On Wednesday, Gov. Gavin Newsom announced that because “oil and gas companies continue to rake in record profits” and also “Putin’s invasion of Ukraine,” he’s riding to the rescue with another $11 billion from the state treasury.

“Governor Newsom has allocated billions of dollars in direct relief to Californians over the past two years, including $12 billion in direct checks through the Golden State Stimulus, $5.2 billion in rent relief, and $2 billion in utility relief,” the statement from his office bragged, also noting an expansion of tax credits for the working poor and a $37.6 billion “climate package” to “forge an oil-free future.”

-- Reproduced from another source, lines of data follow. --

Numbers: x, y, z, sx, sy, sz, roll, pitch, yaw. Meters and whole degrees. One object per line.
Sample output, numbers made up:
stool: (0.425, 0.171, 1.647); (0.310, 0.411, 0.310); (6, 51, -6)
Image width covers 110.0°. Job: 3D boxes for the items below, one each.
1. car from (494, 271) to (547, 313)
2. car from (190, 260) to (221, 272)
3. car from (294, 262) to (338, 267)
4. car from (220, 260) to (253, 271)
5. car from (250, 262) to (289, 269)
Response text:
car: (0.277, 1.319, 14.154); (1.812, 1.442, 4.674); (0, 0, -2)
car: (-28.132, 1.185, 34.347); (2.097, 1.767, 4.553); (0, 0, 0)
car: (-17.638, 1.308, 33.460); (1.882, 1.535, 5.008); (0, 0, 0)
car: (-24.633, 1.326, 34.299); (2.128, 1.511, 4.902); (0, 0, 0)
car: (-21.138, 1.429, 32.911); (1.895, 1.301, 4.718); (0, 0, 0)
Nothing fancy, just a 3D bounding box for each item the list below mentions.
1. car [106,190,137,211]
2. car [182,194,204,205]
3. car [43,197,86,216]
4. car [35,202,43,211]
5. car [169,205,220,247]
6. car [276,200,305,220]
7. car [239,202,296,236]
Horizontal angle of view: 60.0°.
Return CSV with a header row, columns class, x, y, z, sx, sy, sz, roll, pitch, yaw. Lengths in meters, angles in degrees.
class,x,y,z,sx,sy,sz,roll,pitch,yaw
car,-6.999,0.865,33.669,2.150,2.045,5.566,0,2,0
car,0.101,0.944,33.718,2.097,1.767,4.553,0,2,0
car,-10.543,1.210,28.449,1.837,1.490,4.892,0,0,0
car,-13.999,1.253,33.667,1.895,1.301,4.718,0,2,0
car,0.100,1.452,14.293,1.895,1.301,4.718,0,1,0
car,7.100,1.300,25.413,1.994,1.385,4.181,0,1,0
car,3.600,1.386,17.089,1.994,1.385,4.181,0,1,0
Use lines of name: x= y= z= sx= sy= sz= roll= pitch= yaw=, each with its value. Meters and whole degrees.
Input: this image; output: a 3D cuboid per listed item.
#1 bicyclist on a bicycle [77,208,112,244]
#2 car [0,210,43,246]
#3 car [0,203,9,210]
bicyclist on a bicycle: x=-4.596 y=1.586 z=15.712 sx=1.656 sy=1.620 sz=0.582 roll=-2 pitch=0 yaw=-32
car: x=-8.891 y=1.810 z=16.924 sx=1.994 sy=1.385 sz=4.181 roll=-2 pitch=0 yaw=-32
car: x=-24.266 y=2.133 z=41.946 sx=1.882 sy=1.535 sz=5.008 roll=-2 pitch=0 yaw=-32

Newsom proposes that the relief from high gas prices will “take the form of $400 debit cards for registered vehicle owners.” Individuals who own multiple vehicles can collect twice. His proposal also includes a suspension of the coming July 1 gas tax increase, three months of free public transportation, “fast-tracking” $1.75 billion to boost electric vehicle sales and $500 million “to support active transportation programs,” such as “walking.”

It would be much simpler, and faster, to cut the gas tax and the sales tax. That’s what states like Connecticut and Maryland have already done. But then voters wouldn’t receive an envelope in the mail containing a pre-paid debit card and a letter from the governor. Unless Newsom issues an emergency order that requires his photo on every cash register, gas pump and online shopping cart, a tax cut wouldn’t have the same political benefit. And it’s an election year.

Left-leaning legislative leaders, also sensitive to the political peril of the moment, don’t like the contours of Newsom’s relief package. Senate President Pro Tem Toni Atkins and Assembly Speaker Anthony Rendon have already expressed opposition to the governor’s January proposal to suspend the upcoming increase in the gas tax, and now they object to the plan to rebate money to taxpayers who don’t “need” the money.

Atkins released a statement saying that the “Senate is focused on ensuring that state money is targeted to those who actually need relief” with a proposal that sends money to “struggling Californians.” A plan put forward by the legislative leaders would be limited to households earning less than $250,000, and it would be calculated based on individuals in the household, not vehicles.

However, the entire debate over providing relief from high gas prices is a misdirection from the true challenge before the state government, a budget surplus that has triggered the Gann spending limit. The 1979 constitutional amendment restricts the growth of state spending, or tries to, by imposing an appropriations limit tied to population growth and inflation. If the state takes in revenue that exceeds what it is allowed to spend under the Gann limit, it must return the excess funds to taxpayers.

There’s some wiggle room on how the money may be returned, but it’s clear that the money can’t simply be spent, and it’s likely that a court would frown on a politically targeted rebate plan that left out the high-earning residents who pay the highest taxes.

The state could simply cut taxes, but instead it seems poised to issue debit cards, pay fees to banks, send mail to 39 million residents and then try to recoup fraudulent payments. That’s the California Way.